→ **Your assignment**: Pull every line containing "front" from the entries.

Records from a dataset:
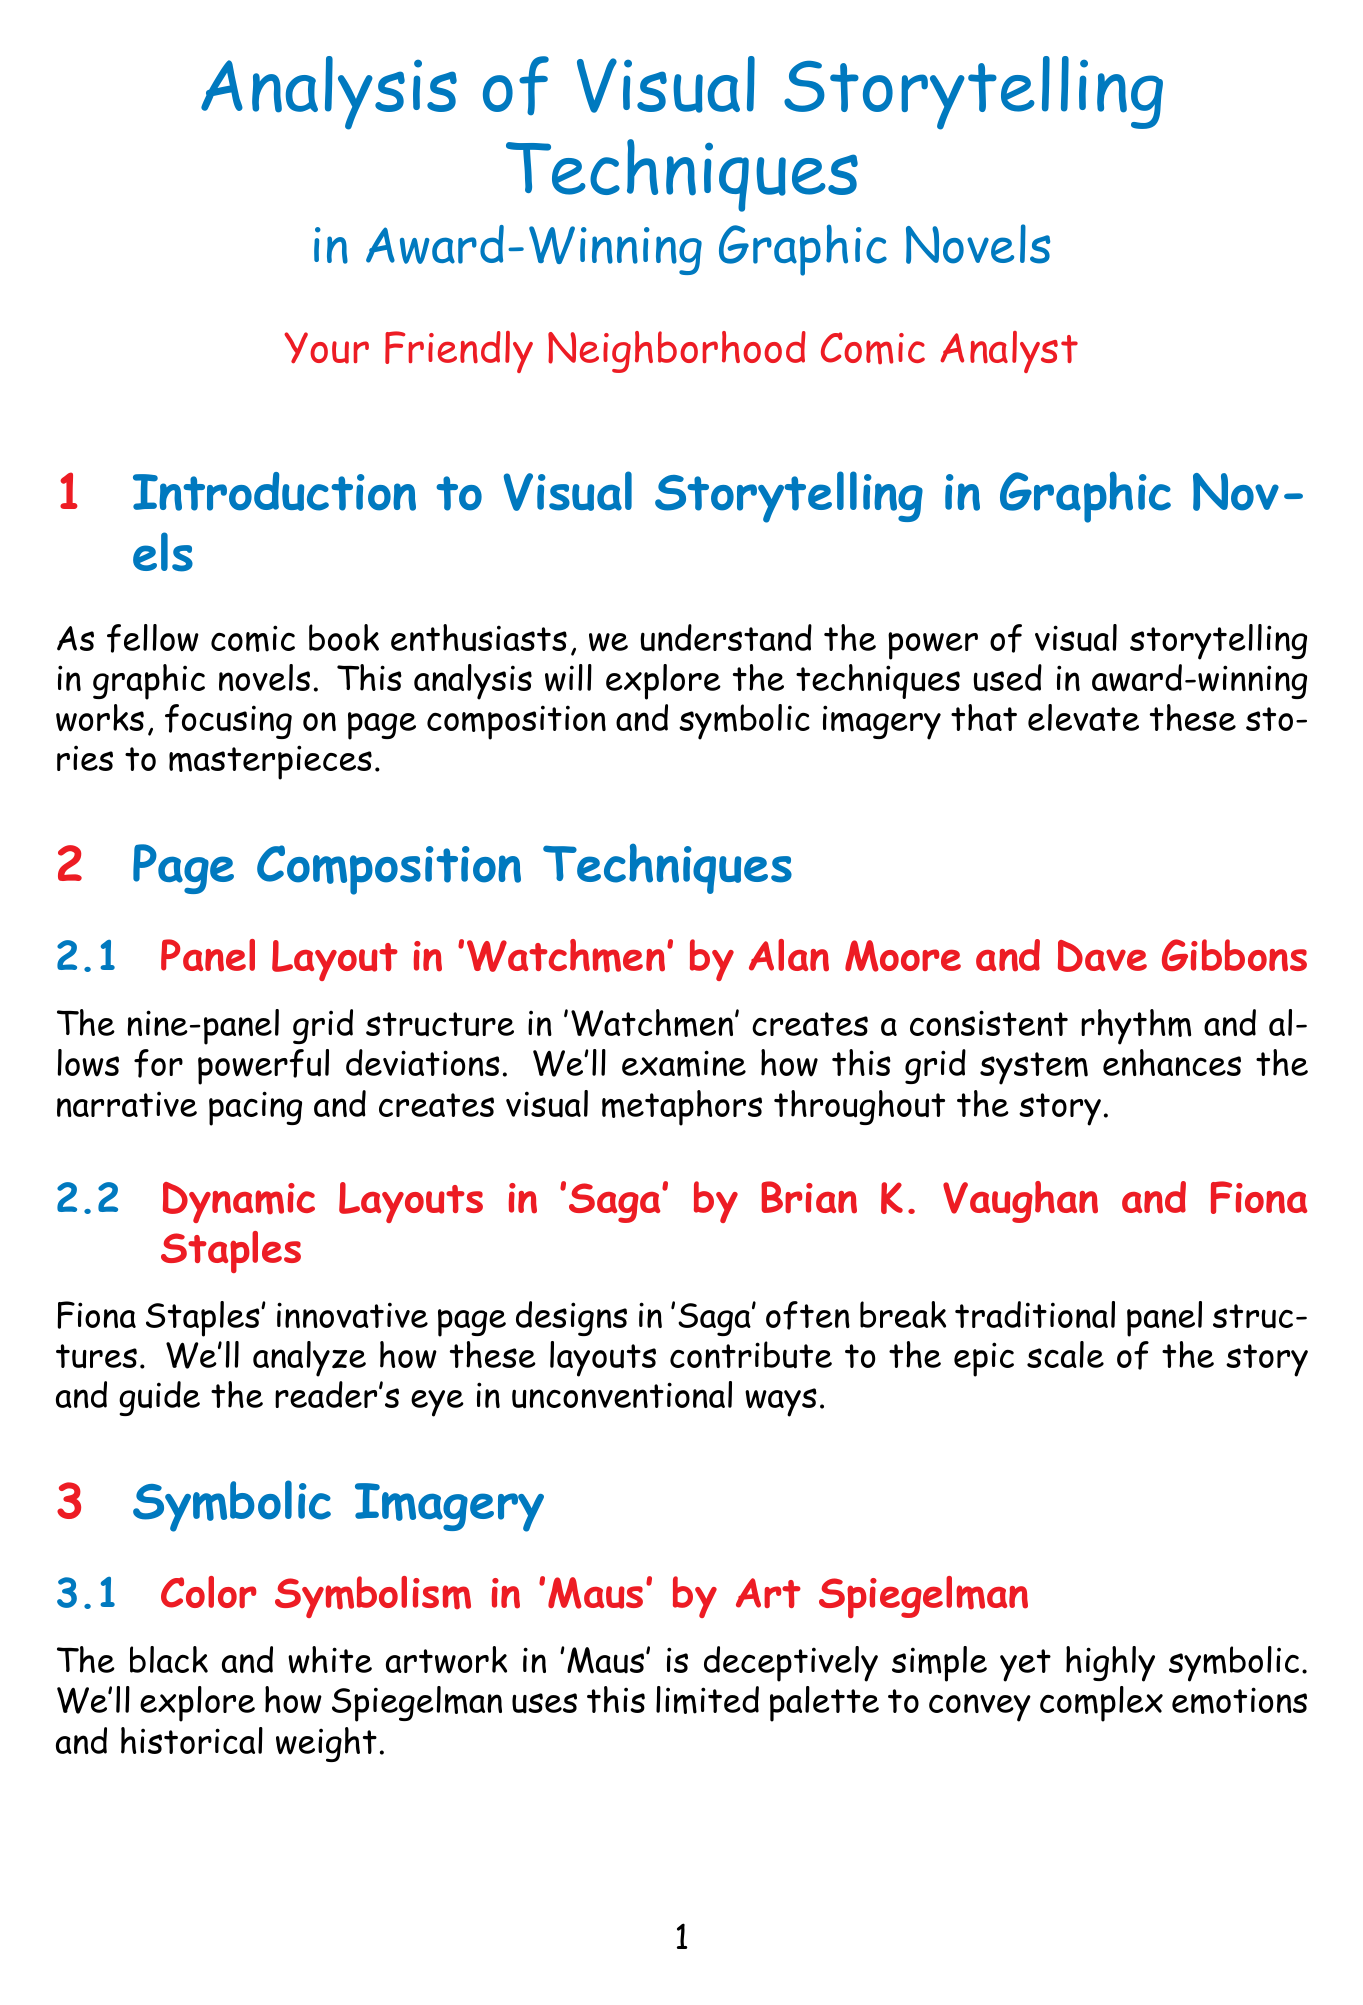What is the main focus of the analysis? The analysis focuses on page composition and symbolic imagery in award-winning graphic novels.
Answer: page composition and symbolic imagery Who are the authors of 'Maus'? The author of 'Maus' is Art Spiegelman.
Answer: Art Spiegelman What unique panel structure is used in 'Watchmen'? The unique panel structure used in 'Watchmen' is a nine-panel grid.
Answer: nine-panel grid In which section are recurring motifs discussed? Recurring motifs are discussed in the Symbolic Imagery section.
Answer: Symbolic Imagery What innovative technique does Shaun Tan use in 'The Arrival'? Shaun Tan uses silent storytelling in 'The Arrival'.
Answer: silent storytelling Which graphic novel features dynamic fight scenes? 'Scott Pilgrim' features dynamic fight scenes.
Answer: 'Scott Pilgrim' Who are the creators of 'Daytripper'? The creators of 'Daytripper' are Fábio Moon and Gabriel Bá.
Answer: Fábio Moon and Gabriel Bá What does the section on Integration of Text and Image cover? The section on Integration of Text and Image covers how text and image are combined in graphic novels.
Answer: combination of text and image What is the recommended resource that provides insights into comic theory? The recommended resource is "Understanding Comics" by Scott McCloud.
Answer: "Understanding Comics" by Scott McCloud 
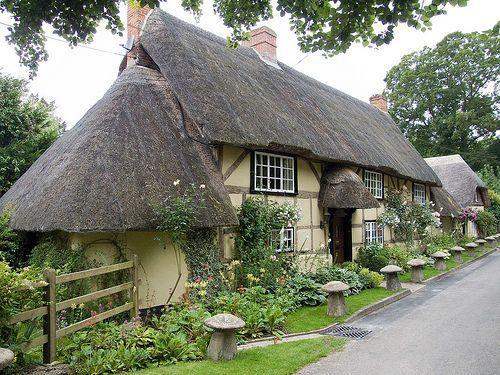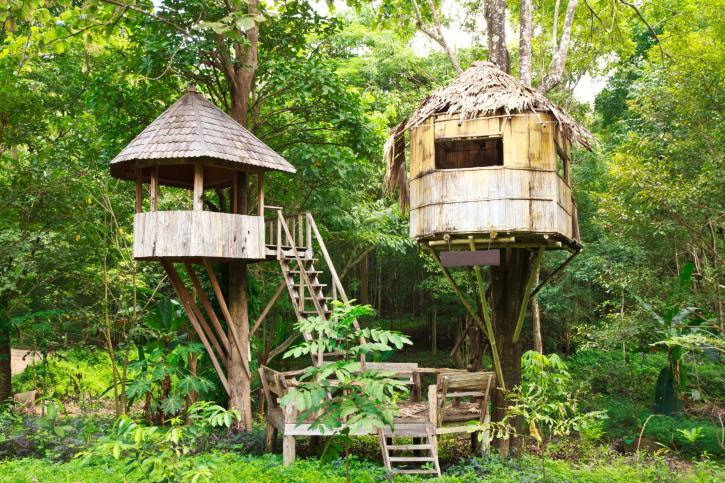The first image is the image on the left, the second image is the image on the right. Examine the images to the left and right. Is the description "An outdoor ladder leads up to a structure in one of the images." accurate? Answer yes or no. Yes. 
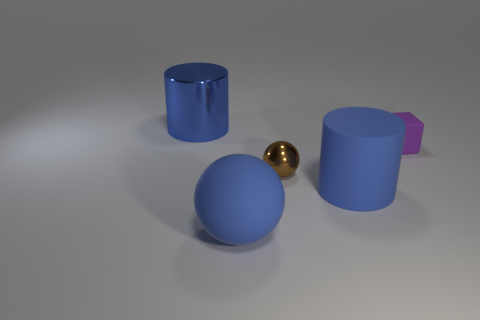There is a small object on the left side of the tiny purple rubber block; what is its shape?
Ensure brevity in your answer.  Sphere. What is the shape of the blue metallic thing that is the same size as the matte ball?
Provide a short and direct response. Cylinder. Are there any large rubber things of the same shape as the tiny brown object?
Provide a short and direct response. Yes. There is a rubber thing that is in front of the matte cylinder; does it have the same shape as the big rubber thing that is to the right of the tiny brown metallic thing?
Your response must be concise. No. There is a brown object that is the same size as the purple thing; what is its material?
Provide a succinct answer. Metal. What number of other objects are the same material as the small sphere?
Make the answer very short. 1. The big object that is behind the big cylinder that is in front of the purple matte cube is what shape?
Offer a very short reply. Cylinder. How many objects are big red things or objects on the right side of the rubber ball?
Make the answer very short. 3. How many other things are there of the same color as the large shiny cylinder?
Your response must be concise. 2. What number of gray things are big things or matte balls?
Ensure brevity in your answer.  0. 
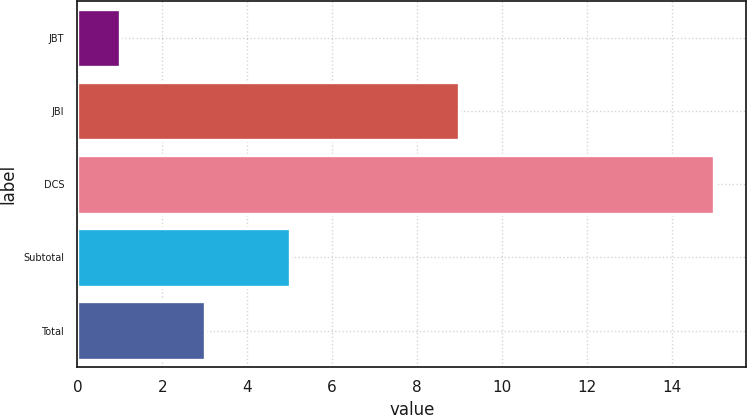Convert chart to OTSL. <chart><loc_0><loc_0><loc_500><loc_500><bar_chart><fcel>JBT<fcel>JBI<fcel>DCS<fcel>Subtotal<fcel>Total<nl><fcel>1<fcel>9<fcel>15<fcel>5<fcel>3<nl></chart> 
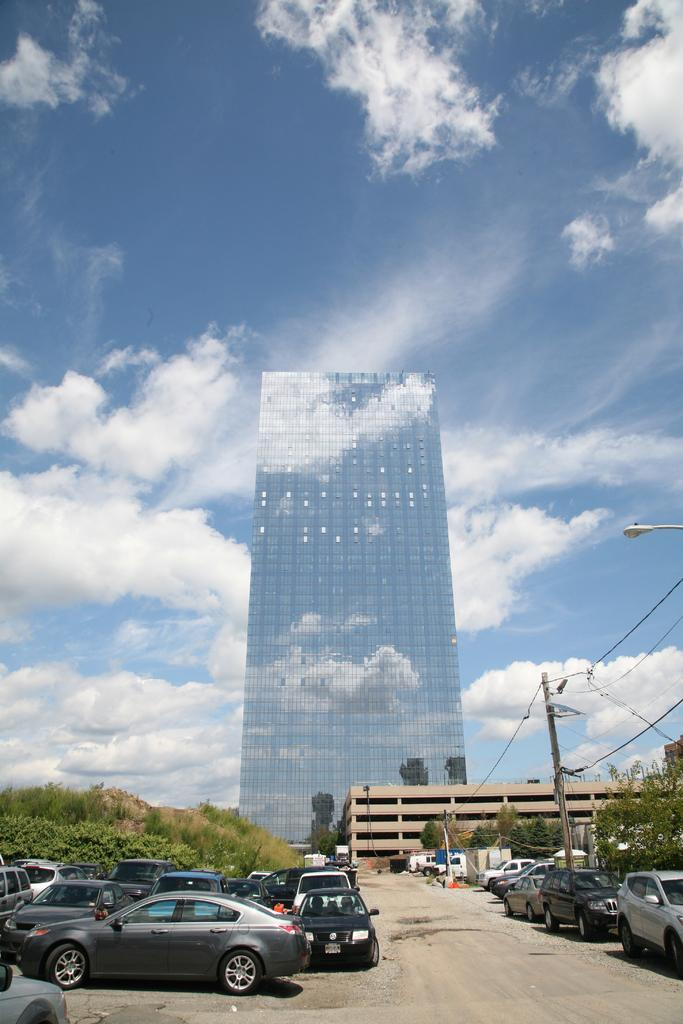What type of vehicles can be seen in the image? There are cars in the image. What natural elements are present in the image? There are trees in the image. What infrastructure elements can be seen in the image? Electric poles with cables and lamp posts are visible in the image. What type of structures are present in the image? There are buildings in the image. What can be seen in the sky at the top of the image? Clouds are visible in the sky at the top of the image. Can you tell me how many rabbits are hopping around the cars in the image? There are no rabbits present in the image; it features cars, trees, electric poles, lamp posts, buildings, and clouds. Is there a carpenter working on the buildings in the image? There is no carpenter visible in the image; it only shows cars, trees, electric poles, lamp posts, buildings, and clouds. 
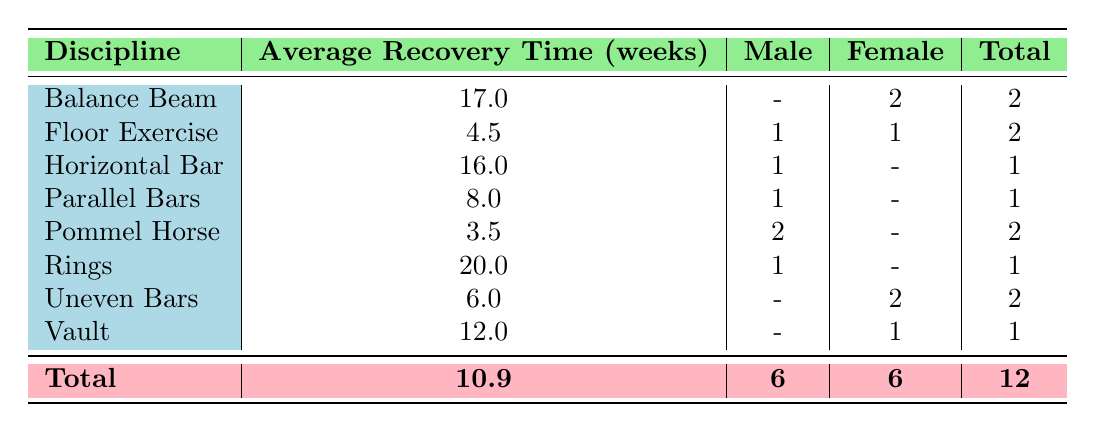What is the average recovery time for the Balance Beam discipline? The table indicates that the average recovery time for the Balance Beam discipline is listed at 17.0 weeks.
Answer: 17.0 How many male gymnasts have reported injuries in the Pommel Horse discipline? The table shows that there are 2 male gymnasts listed for the Pommel Horse discipline.
Answer: 2 What is the total recovery time for Female gymnasts across all disciplines? The total recovery time for Female gymnasts can be calculated by adding the recovery times: 24 (Balance Beam) + 8 (Uneven Bars) + 12 (Vault) + 3 (Floor Exercise) + 4 (Wrist Tendinitis) = 51 weeks.
Answer: 51 Is it true that the average recovery time for the Floor Exercise is less than 5 weeks? The average recovery time for the Floor Exercise is stated as 4.5 weeks, which is indeed less than 5 weeks. Therefore, the fact is true.
Answer: Yes What is the average recovery time for male gymnasts across all listed disciplines? The average recovery time for male gymnasts can be calculated as follows: (6 + 16 + 3 + 20) / 4 = 11.25 weeks. The recovery times for male gymnasts are 6 weeks (Floor Exercise), 16 weeks (Horizontal Bar), 3 weeks (Pommel Horse), and 20 weeks (Rings).
Answer: 11.25 How many total injuries were reported across all disciplines? The table indicates a total of 12 injuries, which is the total number of entries (one for each gymnast).
Answer: 12 What is the difference in average recovery time between female gymnasts and male gymnasts? To find the difference, we first calculate the average recovery times: Female average is (24 + 8 + 12 + 3 + 4) / 6 = 8.5 weeks and Male average is (6 + 16 + 3 + 20) / 6 = 11.25 weeks. The difference is 11.25 - 8.5 = 2.75 weeks.
Answer: 2.75 Are there any exercises where female gymnasts have reported severe injuries? Yes, the table lists that female gymnasts have reported severe injuries for the events of Vault and Balance Beam.
Answer: Yes What discipline has the highest average recovery time, and what is that time? The Ring discipline has the highest average recovery time, which is stated as 20.0 weeks in the table.
Answer: Rings, 20.0

→ **Reply**:
Provide a short and direct response. Yes. There is a rubber thing that is in front of the matte cylinder; does it have the same shape as the big rubber thing that is to the right of the tiny brown metallic thing?
Make the answer very short. 1. The big object that is behind the big cylinder that is in front of the purple matte cube is what shape?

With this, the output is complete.